# Psalm 130



## jaybird0827 (Aug 12, 2006)

_A Song of degrees._ 


> This psalm contains, (1.) David's earnest cries to God, out of the depths of corruption, desertion, temptation, or trouble, ver. 1-2. (2.) His ingenuous repentance, in the faith of God's merciful forgiveness, ver. 3-4. (3.) His attentive waiting on God for his favours, ver. 5-6. (4.) His encouraging expectations from God, ver. 7-8.
> 
> While I sing, let my soul go and do likewise. While the unbounded mercy and plenteous redemption of Jehovah remains unexhausted, let my soul cry mightily in every trouble; believe forgiveness under the deepest sense of guilt; and quietly hope and wait for the salvation of God.
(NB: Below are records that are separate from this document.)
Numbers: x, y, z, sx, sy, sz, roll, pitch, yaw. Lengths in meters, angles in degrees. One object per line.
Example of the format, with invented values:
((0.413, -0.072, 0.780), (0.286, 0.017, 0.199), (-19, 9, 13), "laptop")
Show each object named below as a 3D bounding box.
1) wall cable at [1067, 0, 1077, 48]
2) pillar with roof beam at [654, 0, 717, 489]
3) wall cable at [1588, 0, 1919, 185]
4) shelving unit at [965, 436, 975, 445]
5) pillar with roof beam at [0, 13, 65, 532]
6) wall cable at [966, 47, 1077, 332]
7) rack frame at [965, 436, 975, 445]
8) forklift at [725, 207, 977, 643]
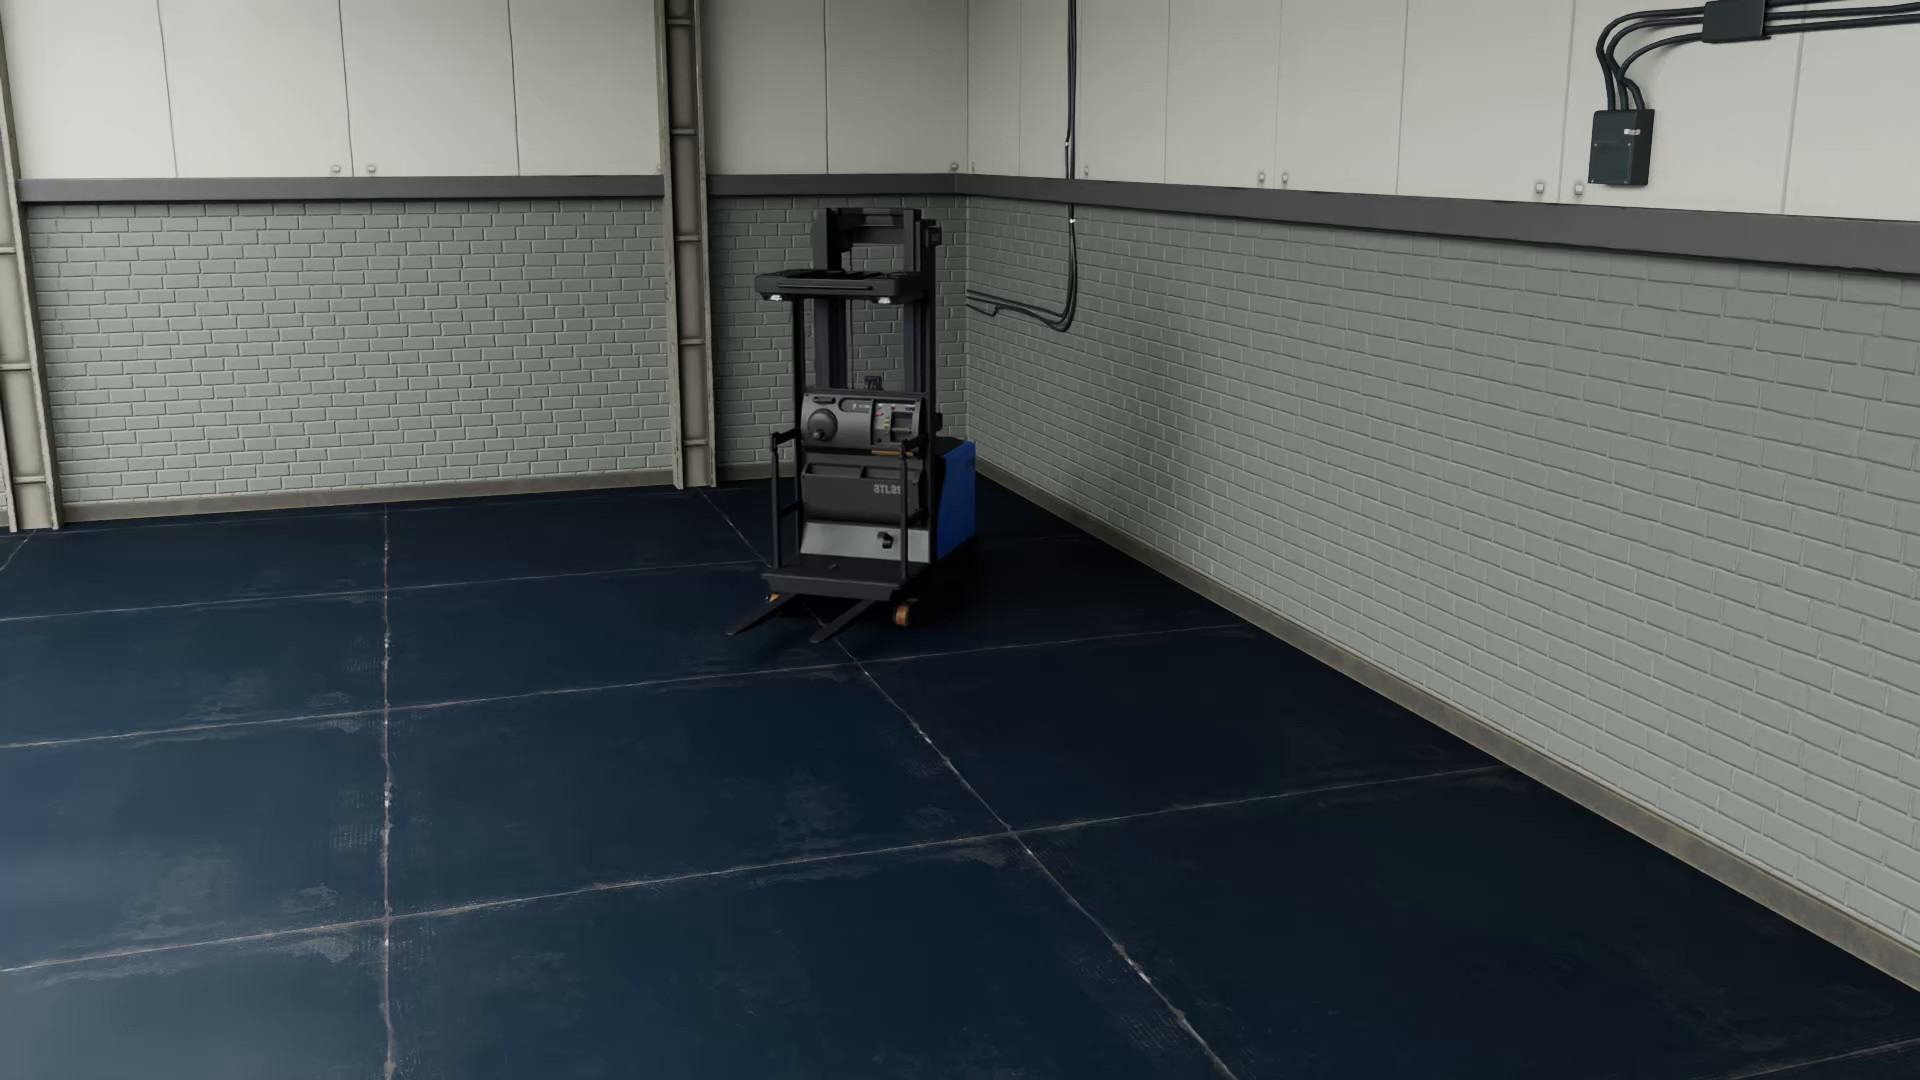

Let never hopeless despair steel my heart against a God of grace.
> [align=center]John Brown of Haddington[/align]




Psalm 130

Tune: Martyrdom -attached

1 Lord, from the depths to thee I cry'd.
2 My voice, Lord, do thou hear:
Unto my supplication's voice
give an attentive ear.

3 Lord, who shall stand, if thou, O Lord,
should'st mark iniquity?
4 But yet with thee forgiveness is,
that fear'd thou mayest be.

5 I wait for God, my soul doth wait,
my hope is in his word.
6 More than they that for morning watch,
my soul waits for the Lord;

I say, more than they that do watch
the morning light to see.
7 Let Israel hope in the Lord,
for with him mercies be;

And plenteous redemption
is ever found with him.
8 And from all his iniquities
he Isr'el shall redeem.


----------



## jaybird0827 (Aug 12, 2006)

Andrew - FYI,

Just ordered a copy of _The Psalms in History and Biography_ by John Ker.

I am looking forward to . Thank you for the the link.


----------



## VirginiaHuguenot (Aug 12, 2006)

Excellent! You're welcome, Jay! I trust that book will be a blessing to you as it has been to me.

Psalm 130 was referred to by Luther as _Psalmi Paulini_. It was notable in the lives of John Owen, Jonathan Edwards and others (their stories are found in the book). 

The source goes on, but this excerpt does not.